WORK TO BE COMPLETED
Whenever a line below includes the string "circle", show it.

——

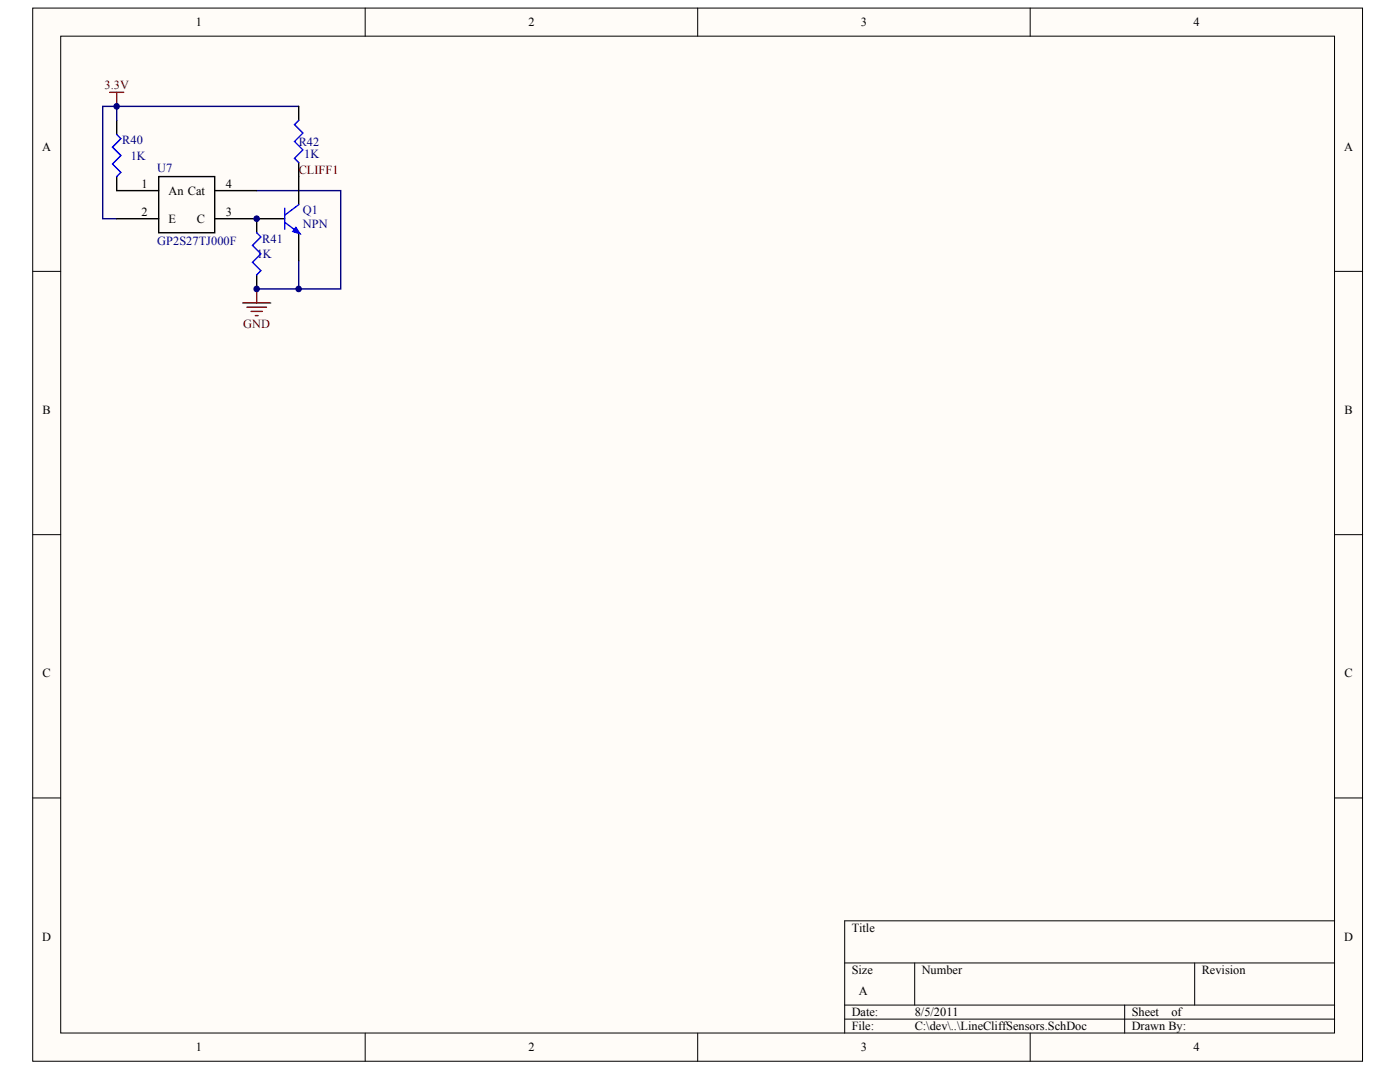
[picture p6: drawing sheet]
<svg xmlns="http://www.w3.org/2000/svg" width="271mm" height="207mm" viewBox="0 0 271 207" stroke-linecap="round" stroke-linejoin="round" font-family="sans-serif">
<defs><g id="words">
<g font-size="2.4">
<text x="37.9" y="5.1">1</text>
<text x="102.3" y="5.1">2</text>
<text x="166.6" y="5.1">3</text>
<text x="231" y="5.1">4</text>
<text x="8.2" y="29.1">A</text>
<text x="260.1" y="29.1">A</text>
<text x="27.4" y="36.3">1</text>
<text x="27.4" y="41.7">2</text>
<text x="32.6" y="37.7">An Cat</text>
<text x="43.7" y="36.3">4</text>
<text x="43.7" y="41.7">3</text>
<text x="32.6" y="43.1">E</text>
<text x="38.1" y="43.1">C</text>
<text x="8.3" y="80">B</text>
<text x="260.2" y="80">B</text>
<text x="8.3" y="130.9">C</text>
<text x="260.2" y="130.9">C</text>
<text x="8.2" y="181.9">D</text>
<text x="164.8" y="180.2">Title</text>
<text x="260.1" y="181.9">D</text>
<text x="164.8" y="188.3">Size</text>
<text x="178.4" y="188.3">Number</text>
<text x="232.6" y="188.3">Revision</text>
<text x="164.8" y="196.5">Date:</text>
<text x="166.2" y="192.4">A</text>
<text x="177" y="196.5">8/5/2011</text>
<text x="219" y="196.5">Sheet</text>
<text x="226.7" y="196.5">of</text>
<text x="37.9" y="203.3">1</text>
<text x="102.3" y="203.3">2</text>
<text x="164.8" y="199.2">File:</text>
<text x="166.6" y="203.3">3</text>
<text x="177" y="199.2">C:\dev\..\LineCliffSensors.SchDoc</text>
<text x="219" y="199.2">Drawn By:</text>
<text x="231" y="203.3">4</text>
</g>
<g font-size="2.4" fill="#800000">
<text x="20.2" y="17.3">3.3V</text>
<text x="57.8" y="33.6">CLIFF1</text>
<text x="47.1" y="63.4">GND</text>
</g>
<g font-size="2.4" fill="#000080">
<text x="23.7" y="27.9">R40</text>
<text x="57.8" y="28.2">R42</text>
<text x="25.3" y="30.9">1K</text>
<text x="30.4" y="33.3">U7</text>
<text x="58.9" y="30.6">1K</text>
<text x="58.6" y="41.5">Q1</text>
<text x="30.4" y="47.4">GP2S27TJ000F</text>
<text x="50.8" y="46.9">R41</text>
<text x="58.6" y="44.2">NPN</text>
<text x="49.7" y="49.9">1K</text>
</g>
</g></defs>
<g fill="#fffcf8" stroke="#000" stroke-width=".19">
<path d="M6.3 1.6h257.4v203.6h-257.4z"/>
<path d="M11.7 7h246.6v192.7h-246.6z"/>
</g>
<g fill="none" stroke="#000" stroke-width=".19">
<path d="M70.7 1.6v5.4M135 1.6v5.4M199.4 1.6v5.4M6.3 52.5h5.4M258.3 52.5h5.4M6.3 103.4h5.4M258.3 103.4h5.4M6.3 154.3h5.4M258.3 154.3h5.4M258.3 178h-94.8v21.8M70.7 199.8v5.4M135 199.8v5.4"/>
<path d="M163.5 186.2h94.8M163.5 194.3h94.8M163.5 197.1h94.8M177 186.2v8.1M199.4 199.8v5.4M217.7 194.3v5.5M231.2 186.2v8.1"/>
</g>
<path d="M21.2 17.9h2.7M22.6 17.9v2.7M47 58.6h5.4M47.8 59.4h3.8M49.7 55.9v2.7M48.6 60.2h2.2M49.4 61h.5" fill="none" stroke="#800000" stroke-width=".27"/>
<path d="M22.6 20.6v2.7M49.7 36.9h16.2v19h-8.1M57.8 20.6h-37.9v21.7h2.7M57.8 50.4v5.5h-8.1" fill="none" stroke="#000080" stroke-width=".27"/>
<path d="M22.6 23.3v2.7M22.6 34.1v2.8h8.1M30.7 34.1h10.8v10.9h-10.8zM41.5 36.9h8.2M57.8 20.6v2.7M57.8 31.4v8.2M22.6 42.3h8.1M41.5 42.3h13.6M49.7 42.3v2.7M49.7 53.1v2.8M57.8 45v5.4" fill="none" stroke="#000" stroke-width=".27"/>
<path d="M22.6 26l.8 .8-1.6 1.6 1.6 1.7-1.6 1.6 1.6 1.6-.8 .8M57.8 23.3l-.8 .8 1.6 1.6-1.6 1.7 1.6 1.6-1.6 1.6 .8 .8M57.8 39.6l-2.7 2M49.7 45l.8 .8-1.6 1.6 1.6 1.7-1.6 1.6 1.6 1.6-.8 .8M55.1 40.3v4M55.1 43l2.7 2" fill="none" stroke="#00f" stroke-width=".27"/>
<path d="M57.3 43.9l.8 1.3-1.5-.4z" fill="#00f" stroke="#00f" stroke-width=".19"/>
<g fill="#000080" stroke="#000080" stroke-width=".19">
<circle cx="22.6" cy="20.6" r=".54"/>
<circle cx="49.7" cy="55.9" r=".54"/>
<circle cx="49.7" cy="42.3" r=".54"/>
<circle cx="57.8" cy="55.9" r=".54"/>
</g>
<use href="#words"/>
</svg>

——

RESPONSE
<circle cx="22.6" cy="20.6" r=".54"/>
<circle cx="49.7" cy="55.9" r=".54"/>
<circle cx="49.7" cy="42.3" r=".54"/>
<circle cx="57.8" cy="55.9" r=".54"/>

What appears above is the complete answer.